3. The composition of Claim 2 in which the animal protein is selected from feather, blood, leather, fish and meat meal.

4. The composition of any one of Claims 1-3 in which the pre-emergence herbicide is formed by degradation of animal protein by a micro-organism.

5. The composition of Claim 4 in which the herbicide is formed in situ in soil by degradation of animal protein by a micro-organism in the soil.

6. The composition of any one of Claims 1-5 in which the animal protein is selected from feather, blood, leather, fish and meat meal.

7. The composition of any one of Claims 1-6 comprising a decomposition product of animal protein, said product exhibiting pre-emergence herbicidal properties to seeds, roots or plants.

8. The composition of any one of Claims 1 -7 in which the herbicide is a by-product of microbial decomposition of animal protein.

9. The composition of Claim 8 in which the by-product is an exudate.

10. A pre-emergence herbicide composition of Claim 1 comprising a pre- emergence herbicide derived from animal protein by a chemical process.

11. A method for the control of growth of seeds, roots or plants in soil comprising applying an effective amount of a pre-emergence herbicide formed from animal protein to said soil.

12. The method of Claim 11 in which the animal protein is in the form of a meal.

13. The method of Claim 11 in which the animal protein is selected from feather, blood, leather, fish and meat meal.

14. The method of any one of Claims 11-13 comprising forming an effective amount of a pre-emergence herbicide in soil by admixing said animal protein with said soil, said herbicide being formed from the animal protein by micro-organisms in said soil.

15. The method of Claim 14 in which the pre-emergence herbicide is formed in situ in the soil in which growth of weeds is to be controlled.

16. The method of any one of Claims 11 -15 in which the pre-emergence herbicide is used in amount of 5-40 lb/1000 ft².

17. The method of Claim 16 in which the pre-emergence herbicide is used in amount of 10-20 lb/1000 ft².

18. A method for selectively inhibiting growth of undesirable plants in a plot of desirable plants, said method comprising: applying animal protein meal to said plot, prior to emergence of said undesirable plants, at a concentration of application which selectively inhibits growth of said undesirable plants by stopping root formation.

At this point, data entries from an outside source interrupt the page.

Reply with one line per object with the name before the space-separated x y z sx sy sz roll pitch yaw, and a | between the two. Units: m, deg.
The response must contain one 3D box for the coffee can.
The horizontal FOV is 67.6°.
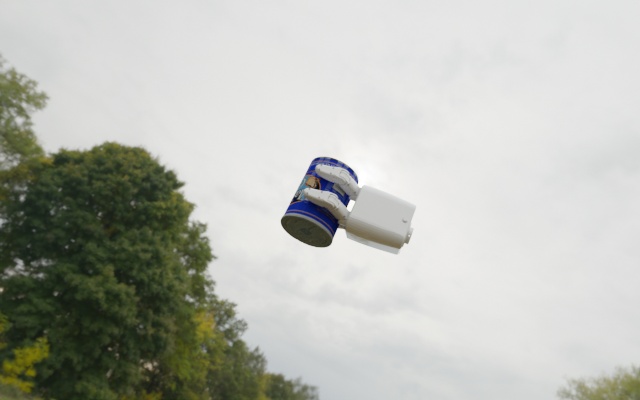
coffee can | 0.000 0.003 0.897 0.103 0.140 0.103 20 -28 11
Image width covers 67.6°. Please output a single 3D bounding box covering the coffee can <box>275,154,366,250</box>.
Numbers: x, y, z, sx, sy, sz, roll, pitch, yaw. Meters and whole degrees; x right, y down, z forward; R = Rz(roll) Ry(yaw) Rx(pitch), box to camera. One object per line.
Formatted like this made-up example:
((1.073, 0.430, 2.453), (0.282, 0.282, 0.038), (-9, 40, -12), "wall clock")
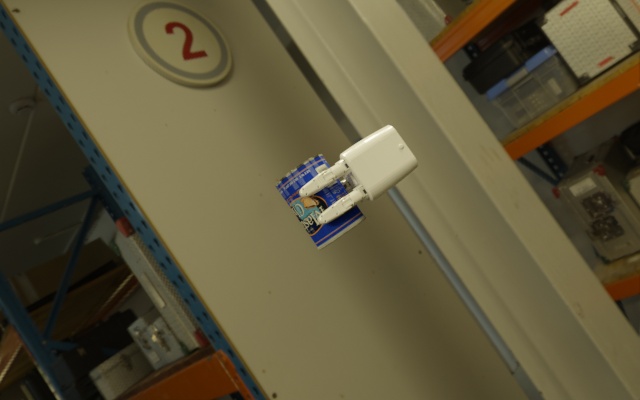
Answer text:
((0.000, 0.003, 0.856), (0.103, 0.140, 0.103), (-35, -3, -2), "coffee can")
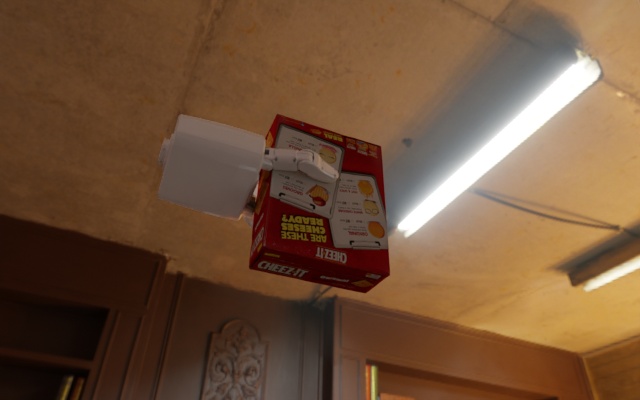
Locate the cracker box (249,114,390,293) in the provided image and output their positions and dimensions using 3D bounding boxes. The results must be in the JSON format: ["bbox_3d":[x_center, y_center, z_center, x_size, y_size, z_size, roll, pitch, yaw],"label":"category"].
[{"bbox_3d":[0.000,0.002,0.636,0.164,0.213,0.072,15,-38,-18],"label":"cracker box"}]
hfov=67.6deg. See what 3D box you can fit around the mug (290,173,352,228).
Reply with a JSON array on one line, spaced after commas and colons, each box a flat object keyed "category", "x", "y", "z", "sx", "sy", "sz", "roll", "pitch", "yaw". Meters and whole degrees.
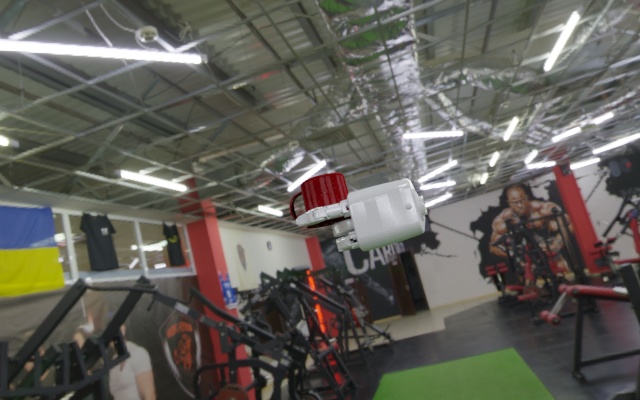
[{"category": "mug", "x": -0.001, "y": 0.003, "z": 0.858, "sx": 0.117, "sy": 0.081, "sz": 0.093, "roll": -16, "pitch": -9, "yaw": 14}]
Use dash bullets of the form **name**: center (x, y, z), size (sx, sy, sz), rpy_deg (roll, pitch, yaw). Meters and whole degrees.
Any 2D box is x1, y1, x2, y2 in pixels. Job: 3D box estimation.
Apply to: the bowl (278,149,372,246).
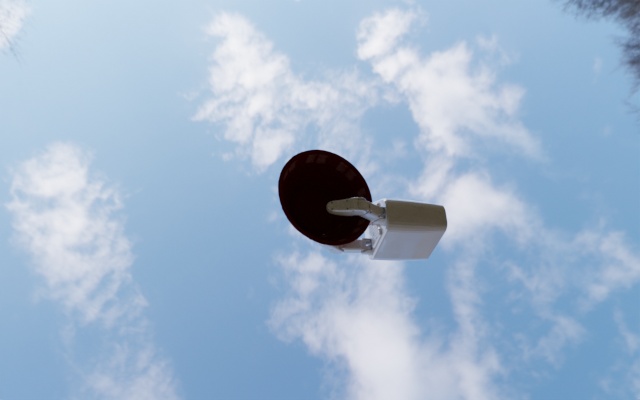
- **bowl**: center (-0.001, 0.002, 0.756), size (0.162, 0.162, 0.055), rpy_deg (0, -23, -27)
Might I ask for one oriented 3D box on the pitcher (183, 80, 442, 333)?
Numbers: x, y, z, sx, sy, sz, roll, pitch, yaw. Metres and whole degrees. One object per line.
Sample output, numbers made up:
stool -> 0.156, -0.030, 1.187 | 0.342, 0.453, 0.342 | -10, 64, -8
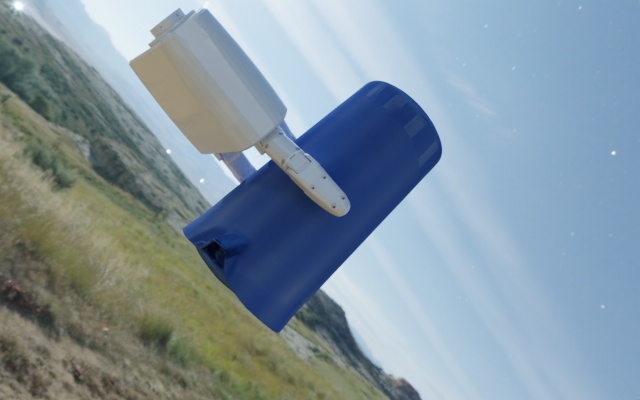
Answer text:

19. The method of Claim 18 in which the undesirable plants are annual or perennial grassy weeds.

20. The method of Claim 18 in which the undesirable plants are annual or perennial broadleaf plants.

21. The method of Claim 19 in which the undesirable plants are selected from crabgrass, creeping bentgrass, Kentucky bluegrass, perennial ryegrass, smooth bromegrass, barnyard grass, Bermuda grass or tall fescue.

22. The method of Claim 20 in which the desirable plants are selected from smartweed, dandelions and morning glory.

23. The method of any one of Claims 18-22 in which the amount of animal protein meal applied to the plot is from about 5-40 lbs per 1000 ft².

24. The method of any one of Claims 18-23 in which said herbicide is placed beneath or around the roots of desirable plants.

25. A micro-organism that effects decomposition of animal protein to form a pre-emergence herbicide.

26. A pre-emergence herbicide comprising a by-product of microbial decomposition of plant protein.

27. The pre-emergence herbicide of Claim 26 in which the plant protein is soya protein.